- [Dataset extract]:
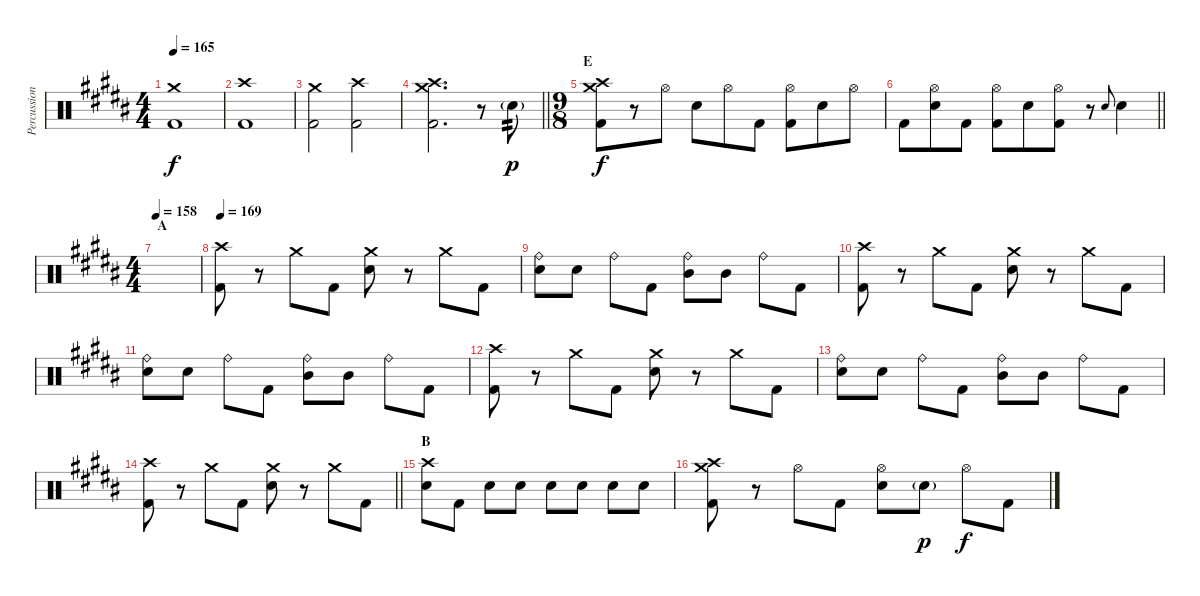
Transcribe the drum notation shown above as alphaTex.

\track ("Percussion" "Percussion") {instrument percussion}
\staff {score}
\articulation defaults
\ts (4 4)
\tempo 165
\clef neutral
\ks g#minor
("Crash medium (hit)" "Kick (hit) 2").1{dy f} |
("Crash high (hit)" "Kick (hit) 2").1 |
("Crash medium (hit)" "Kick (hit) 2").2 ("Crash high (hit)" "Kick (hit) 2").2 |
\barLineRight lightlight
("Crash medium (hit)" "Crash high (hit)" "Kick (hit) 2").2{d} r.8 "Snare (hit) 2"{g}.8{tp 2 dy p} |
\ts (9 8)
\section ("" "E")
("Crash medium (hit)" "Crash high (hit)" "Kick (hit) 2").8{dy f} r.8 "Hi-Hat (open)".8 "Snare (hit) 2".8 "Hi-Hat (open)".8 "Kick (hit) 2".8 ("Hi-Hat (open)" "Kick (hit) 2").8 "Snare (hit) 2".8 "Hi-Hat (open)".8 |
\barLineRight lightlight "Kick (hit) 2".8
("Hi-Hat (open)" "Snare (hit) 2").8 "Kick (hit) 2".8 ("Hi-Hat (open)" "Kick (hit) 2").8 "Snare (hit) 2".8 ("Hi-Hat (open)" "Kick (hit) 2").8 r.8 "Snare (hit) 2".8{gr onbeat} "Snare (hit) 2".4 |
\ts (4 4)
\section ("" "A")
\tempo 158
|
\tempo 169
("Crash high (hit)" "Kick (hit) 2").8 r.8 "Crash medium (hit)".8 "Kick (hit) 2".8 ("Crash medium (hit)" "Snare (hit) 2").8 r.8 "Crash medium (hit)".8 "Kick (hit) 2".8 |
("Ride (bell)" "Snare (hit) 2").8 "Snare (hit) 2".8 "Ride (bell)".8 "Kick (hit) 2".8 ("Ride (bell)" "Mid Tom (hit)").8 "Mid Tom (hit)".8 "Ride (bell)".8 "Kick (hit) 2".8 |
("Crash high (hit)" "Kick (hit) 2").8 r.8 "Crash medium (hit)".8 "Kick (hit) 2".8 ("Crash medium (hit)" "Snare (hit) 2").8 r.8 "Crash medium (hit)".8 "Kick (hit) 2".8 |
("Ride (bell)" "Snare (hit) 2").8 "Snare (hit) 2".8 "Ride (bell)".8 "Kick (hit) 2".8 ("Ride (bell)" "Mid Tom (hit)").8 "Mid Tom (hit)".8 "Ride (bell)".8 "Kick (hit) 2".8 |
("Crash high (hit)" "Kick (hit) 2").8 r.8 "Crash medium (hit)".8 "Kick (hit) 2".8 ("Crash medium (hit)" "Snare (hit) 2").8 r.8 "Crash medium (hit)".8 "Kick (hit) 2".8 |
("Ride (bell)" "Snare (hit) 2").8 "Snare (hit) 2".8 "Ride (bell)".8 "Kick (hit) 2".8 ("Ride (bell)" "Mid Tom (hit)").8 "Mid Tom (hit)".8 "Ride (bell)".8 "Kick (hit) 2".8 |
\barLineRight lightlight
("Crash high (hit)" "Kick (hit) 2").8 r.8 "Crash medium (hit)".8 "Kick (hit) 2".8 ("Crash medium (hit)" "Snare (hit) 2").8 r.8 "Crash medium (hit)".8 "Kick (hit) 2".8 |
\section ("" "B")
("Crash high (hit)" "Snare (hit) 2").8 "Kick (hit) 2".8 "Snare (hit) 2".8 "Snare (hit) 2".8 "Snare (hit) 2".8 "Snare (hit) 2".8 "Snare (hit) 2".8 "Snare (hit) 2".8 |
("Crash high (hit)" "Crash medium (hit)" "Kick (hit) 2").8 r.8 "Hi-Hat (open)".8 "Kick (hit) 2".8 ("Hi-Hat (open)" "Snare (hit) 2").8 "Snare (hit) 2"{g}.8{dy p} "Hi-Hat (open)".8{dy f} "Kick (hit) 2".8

==

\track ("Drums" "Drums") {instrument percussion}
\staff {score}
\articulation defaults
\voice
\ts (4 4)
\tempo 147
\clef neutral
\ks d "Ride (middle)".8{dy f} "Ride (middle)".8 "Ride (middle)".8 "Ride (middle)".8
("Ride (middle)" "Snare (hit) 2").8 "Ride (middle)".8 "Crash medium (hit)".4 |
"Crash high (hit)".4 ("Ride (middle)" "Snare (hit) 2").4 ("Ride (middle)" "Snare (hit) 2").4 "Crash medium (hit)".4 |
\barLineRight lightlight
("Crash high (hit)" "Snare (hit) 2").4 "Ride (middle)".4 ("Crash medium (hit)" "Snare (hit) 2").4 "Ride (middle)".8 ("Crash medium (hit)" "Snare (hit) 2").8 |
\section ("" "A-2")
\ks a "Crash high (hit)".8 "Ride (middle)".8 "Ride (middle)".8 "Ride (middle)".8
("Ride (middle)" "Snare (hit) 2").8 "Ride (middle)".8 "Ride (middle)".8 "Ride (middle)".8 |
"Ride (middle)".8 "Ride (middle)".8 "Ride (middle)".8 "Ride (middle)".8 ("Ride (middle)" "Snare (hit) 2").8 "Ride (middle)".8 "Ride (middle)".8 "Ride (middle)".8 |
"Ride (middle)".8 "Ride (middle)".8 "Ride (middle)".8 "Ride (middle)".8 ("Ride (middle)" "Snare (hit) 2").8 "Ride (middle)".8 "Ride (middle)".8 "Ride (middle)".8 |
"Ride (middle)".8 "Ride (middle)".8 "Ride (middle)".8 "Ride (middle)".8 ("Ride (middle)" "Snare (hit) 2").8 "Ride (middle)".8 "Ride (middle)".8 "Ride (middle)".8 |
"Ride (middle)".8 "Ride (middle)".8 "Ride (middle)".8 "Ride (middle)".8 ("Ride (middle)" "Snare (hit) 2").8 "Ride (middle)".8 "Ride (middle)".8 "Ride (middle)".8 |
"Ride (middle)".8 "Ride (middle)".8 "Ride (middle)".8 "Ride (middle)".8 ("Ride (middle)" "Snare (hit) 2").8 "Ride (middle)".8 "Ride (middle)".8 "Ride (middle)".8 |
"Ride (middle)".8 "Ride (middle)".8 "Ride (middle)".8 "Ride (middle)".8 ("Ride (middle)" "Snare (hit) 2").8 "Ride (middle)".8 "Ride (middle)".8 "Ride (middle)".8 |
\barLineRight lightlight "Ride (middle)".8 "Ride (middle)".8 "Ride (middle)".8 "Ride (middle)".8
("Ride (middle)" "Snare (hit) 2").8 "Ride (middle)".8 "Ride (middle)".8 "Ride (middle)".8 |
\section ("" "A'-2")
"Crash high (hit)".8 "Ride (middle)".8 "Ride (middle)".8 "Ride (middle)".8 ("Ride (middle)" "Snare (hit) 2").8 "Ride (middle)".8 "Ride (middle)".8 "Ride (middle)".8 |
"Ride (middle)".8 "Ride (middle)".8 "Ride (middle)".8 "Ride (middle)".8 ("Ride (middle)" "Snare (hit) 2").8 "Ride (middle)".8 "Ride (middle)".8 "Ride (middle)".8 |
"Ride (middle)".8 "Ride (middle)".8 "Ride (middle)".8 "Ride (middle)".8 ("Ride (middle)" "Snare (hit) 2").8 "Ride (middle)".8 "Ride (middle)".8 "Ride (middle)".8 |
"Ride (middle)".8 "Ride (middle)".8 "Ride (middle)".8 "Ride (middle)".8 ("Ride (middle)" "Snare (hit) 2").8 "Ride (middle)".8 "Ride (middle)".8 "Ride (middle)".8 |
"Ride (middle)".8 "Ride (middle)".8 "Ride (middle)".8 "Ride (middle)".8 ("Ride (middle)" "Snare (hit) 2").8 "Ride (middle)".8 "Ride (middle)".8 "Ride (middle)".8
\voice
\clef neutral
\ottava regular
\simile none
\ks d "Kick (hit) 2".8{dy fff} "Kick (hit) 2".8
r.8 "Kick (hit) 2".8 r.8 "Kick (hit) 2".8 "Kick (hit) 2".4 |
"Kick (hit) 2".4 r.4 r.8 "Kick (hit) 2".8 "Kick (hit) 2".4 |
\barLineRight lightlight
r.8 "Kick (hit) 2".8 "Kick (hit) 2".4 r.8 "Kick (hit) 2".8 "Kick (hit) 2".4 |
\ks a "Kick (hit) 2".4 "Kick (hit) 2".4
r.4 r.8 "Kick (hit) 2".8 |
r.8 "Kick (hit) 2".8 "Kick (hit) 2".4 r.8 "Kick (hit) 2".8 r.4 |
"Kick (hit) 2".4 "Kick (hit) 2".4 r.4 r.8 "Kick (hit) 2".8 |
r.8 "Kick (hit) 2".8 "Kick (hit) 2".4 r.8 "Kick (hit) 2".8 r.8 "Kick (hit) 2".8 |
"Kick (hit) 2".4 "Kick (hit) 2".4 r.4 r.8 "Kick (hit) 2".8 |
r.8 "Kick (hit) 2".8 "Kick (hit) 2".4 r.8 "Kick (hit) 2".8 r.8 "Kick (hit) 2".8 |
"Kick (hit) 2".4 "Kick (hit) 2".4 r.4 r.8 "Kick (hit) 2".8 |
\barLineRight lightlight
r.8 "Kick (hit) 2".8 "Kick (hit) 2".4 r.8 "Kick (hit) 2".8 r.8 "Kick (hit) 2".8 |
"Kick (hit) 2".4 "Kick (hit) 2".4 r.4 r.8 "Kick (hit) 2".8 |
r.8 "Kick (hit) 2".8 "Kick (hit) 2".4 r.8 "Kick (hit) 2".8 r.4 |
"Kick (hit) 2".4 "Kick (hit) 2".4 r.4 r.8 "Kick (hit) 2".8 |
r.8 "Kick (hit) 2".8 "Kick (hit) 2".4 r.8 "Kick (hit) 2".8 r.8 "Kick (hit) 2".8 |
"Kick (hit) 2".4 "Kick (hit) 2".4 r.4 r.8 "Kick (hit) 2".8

- [Exercise brief]:
Across the records above, tally the lines that contain "instrument" and give the result as a number alone.

- [Completed task]:
2